_Problem to solve_:
Once the pictures are set aside, reproduce the entries below exactly.

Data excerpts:
______________________________
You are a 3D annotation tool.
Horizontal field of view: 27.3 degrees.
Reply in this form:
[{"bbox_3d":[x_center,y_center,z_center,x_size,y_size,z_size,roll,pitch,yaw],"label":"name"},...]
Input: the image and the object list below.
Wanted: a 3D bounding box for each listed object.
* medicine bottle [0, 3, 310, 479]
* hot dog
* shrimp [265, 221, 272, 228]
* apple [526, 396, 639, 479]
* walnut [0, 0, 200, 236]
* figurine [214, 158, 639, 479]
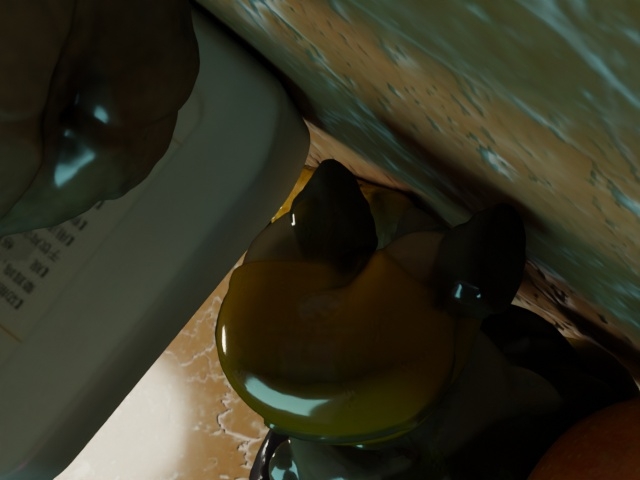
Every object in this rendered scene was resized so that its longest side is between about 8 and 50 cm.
[{"bbox_3d":[-0.165,0.015,0.665,0.179,0.324,0.124,38,175,14],"label":"medicine bottle"},{"bbox_3d":[0.014,-0.005,0.752,0.047,0.066,0.215,11,-177,-17],"label":"hot dog"},{"bbox_3d":[0.000,0.000,0.938,0.290,0.054,0.222,36,177,1],"label":"shrimp"},{"bbox_3d":[0.137,0.137,0.491,0.163,0.163,0.139,41,168,-27],"label":"apple"},{"bbox_3d":[-0.149,-0.099,0.447,0.230,0.178,0.178,48,-179,29],"label":"walnut"},{"bbox_3d":[0.042,0.085,0.602,0.192,0.167,0.257,-7,151,26],"label":"figurine"}]
______________________________
_Output of the task_:
You are a 3D annotation tool.
Horizontal field of view: 27.3 degrees.
Reply in this form:
[{"bbox_3d":[x_center,y_center,z_center,x_size,y_size,z_size,roll,pitch,yaw],"label":"name"},...]
Input: the image and the object list below.
Wanted: a 3D bounding box for each listed object.
* medicine bottle [0, 3, 310, 479]
* hot dog
* shrimp [265, 221, 272, 228]
* apple [526, 396, 639, 479]
* walnut [0, 0, 200, 236]
* figurine [214, 158, 639, 479]
Every object in this rendered scene was resized so that its longest side is between about 8 and 50 cm.
[{"bbox_3d":[-0.165,0.015,0.665,0.179,0.324,0.124,38,175,14],"label":"medicine bottle"},{"bbox_3d":[0.014,-0.005,0.752,0.047,0.066,0.215,11,-177,-17],"label":"hot dog"},{"bbox_3d":[0.000,0.000,0.938,0.290,0.054,0.222,36,177,1],"label":"shrimp"},{"bbox_3d":[0.137,0.137,0.491,0.163,0.163,0.139,41,168,-27],"label":"apple"},{"bbox_3d":[-0.149,-0.099,0.447,0.230,0.178,0.178,48,-179,29],"label":"walnut"},{"bbox_3d":[0.042,0.085,0.602,0.192,0.167,0.257,-7,151,26],"label":"figurine"}]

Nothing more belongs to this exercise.